Cool, I'm glad it worked out. I used mine today on a little deck. They are awesome on certain things. 
The only trouble I had was getting replacement pads that hold the paper. They only list for about $20, but they were on back order for 3 months or something crazy. Ended up using the repair kit that you glue on.


----------



## Delta Painting (Apr 27, 2010)

HorizonPainting said:


> Well, I went out and purchased the Dewalt you described. It was $89 at Lowes and worth every penny. It made short work of the "fuzz" on the siding. I went though about 10 sanding disks, which wasn't much. The HO was very impressed on how well the siding turned out. I went over it with PPG Speedhide primer. I'm wondering if the PPG Sealgrip wood permanizer would have been a better choice... maybe next time. Thanks for the tip on the sander!



Got any finish pic's?


----------



## HorizonPainting (Apr 1, 2011)

The first pic is after sanding. Second is after final coats. It was a rough and messy job, but the HO was very happy. I could have spent a week on it, but they wanted it done ASAP.


----------



## HorizonPainting (Apr 1, 2011)

The siding was still green from the solid color stain they tried to use to cover up the damage.


----------



## KD PAINTING (Nov 8, 2012)

Sanding would help here, it will take some time...Good Luck!


----------



## Pete Martin the Painter (Nov 8, 2012)

cdpainting said:


> after priming it made the fibers stiff and made it easier to sand the fibers off.
> 
> Good luck that don't look like fun.



I have never dealt with anything on this scale, but I have found that this works.

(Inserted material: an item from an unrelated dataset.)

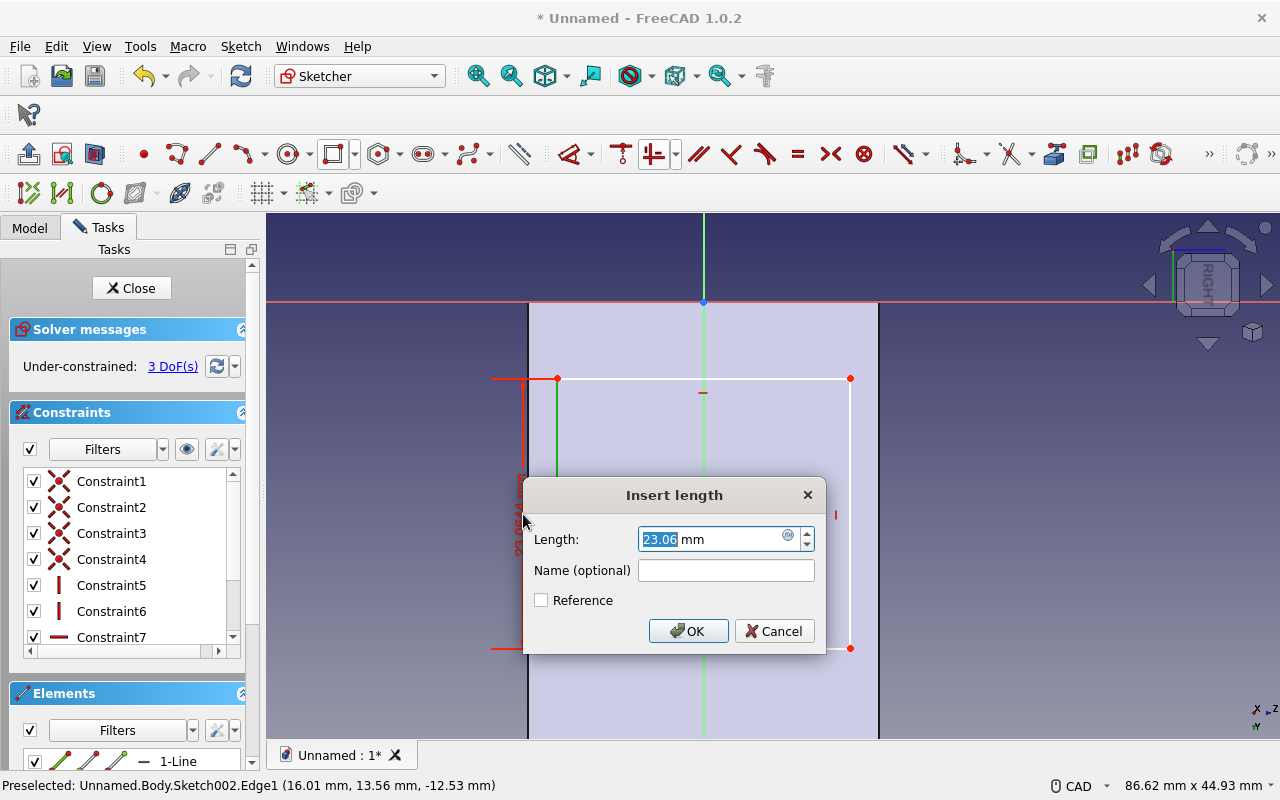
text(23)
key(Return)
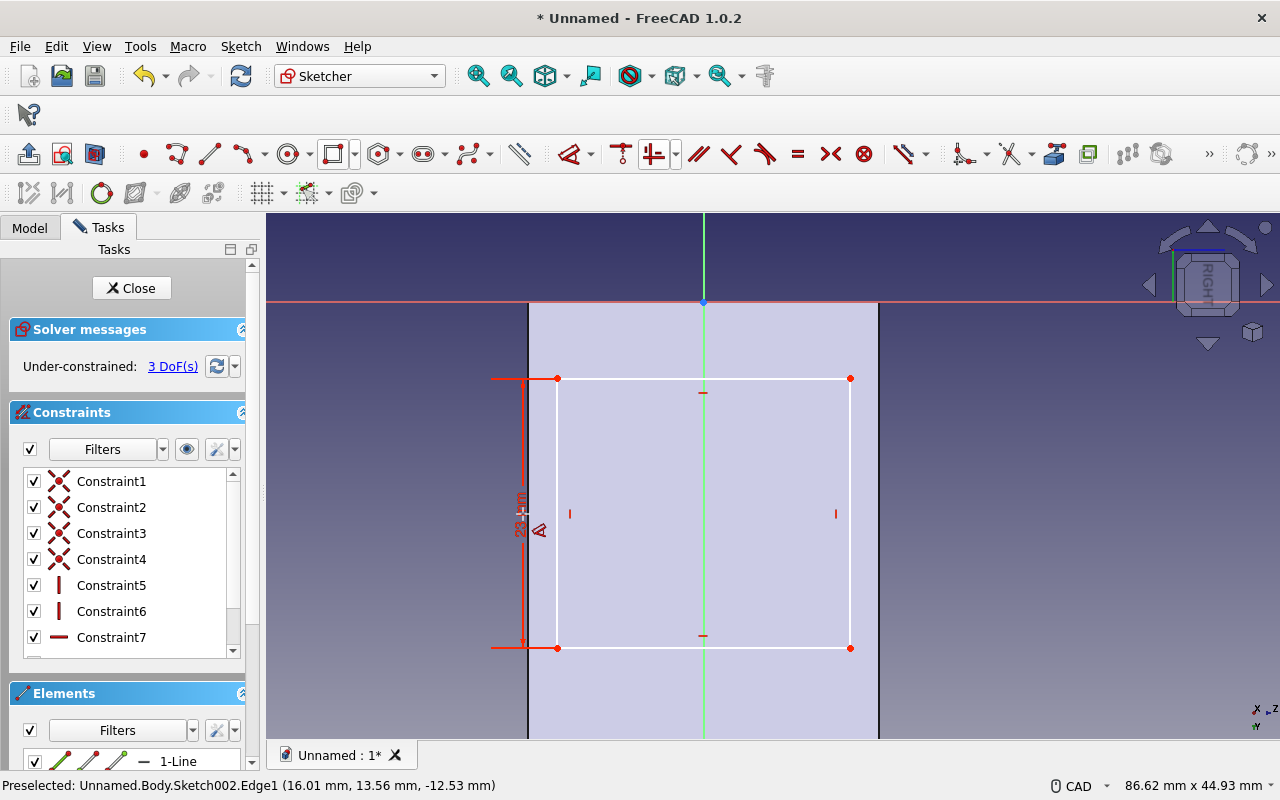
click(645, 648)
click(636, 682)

When I have dealt with "fuzzy" clapboards that seemed to take forever to get smooth with a sander, I just prime and then sand. The stiff fibers come off much easier.


----------



## moser22 (Aug 1, 2014)

*Pressure wash eched into cedar*

We (HO) have a similar situation where you can see where he went back and forth with the washer sprayer. We have put one coat of primer and one coat of paint and you can still see the lines...its horrible looking. Would the above 'fix' work for this as well?


----------



## Jmayspaint (Mar 26, 2013)

moser22 said:


> We (HO) have a similar situation where you can see where he went back and forth with the washer sprayer. We have put one coat of primer and one coat of paint and you can still see the lines...its horrible looking. Would the above 'fix' work for this as well?



Now that it's painted, sanding isn't going to be very effective unless you sand all the paint off. 

If this thread gets shut down, come on over to the DIY section of the forums.


----------



## moser22 (Aug 1, 2014)

Thanks for replying! Are there any alternatives? Like a thicker primer and more paint?


----------



## Bender (Aug 10, 2008)

moser22 said:


> Thanks for replying! Are there any alternatives? Like a thicker primer and more paint?


Behr
siding, paint and primer in one:jester:


----------



## bmoorecl (May 29, 2013)

Bet,they used a turbo nozzle.most of them does.for fast removal,That nozzle just grits.away wood.at high pressure.


----------



## Krittterkare (Jul 12, 2013)

Delta Painting said:


> I have seen a lot worse bone head amateur's thinking a washer is a scraper...
> 
> Thank You! A pressure washer is used to clean a house and a paint scraper is used to scrape paint, rarely is a washer a shortcut to scraping, so many times I get to a job and paintchips everywhere and more prep and a worse looking surface then before and they failed to wash concrete that meets siding that has a pile of dusty crud left behind that could have been easily masked off.


----------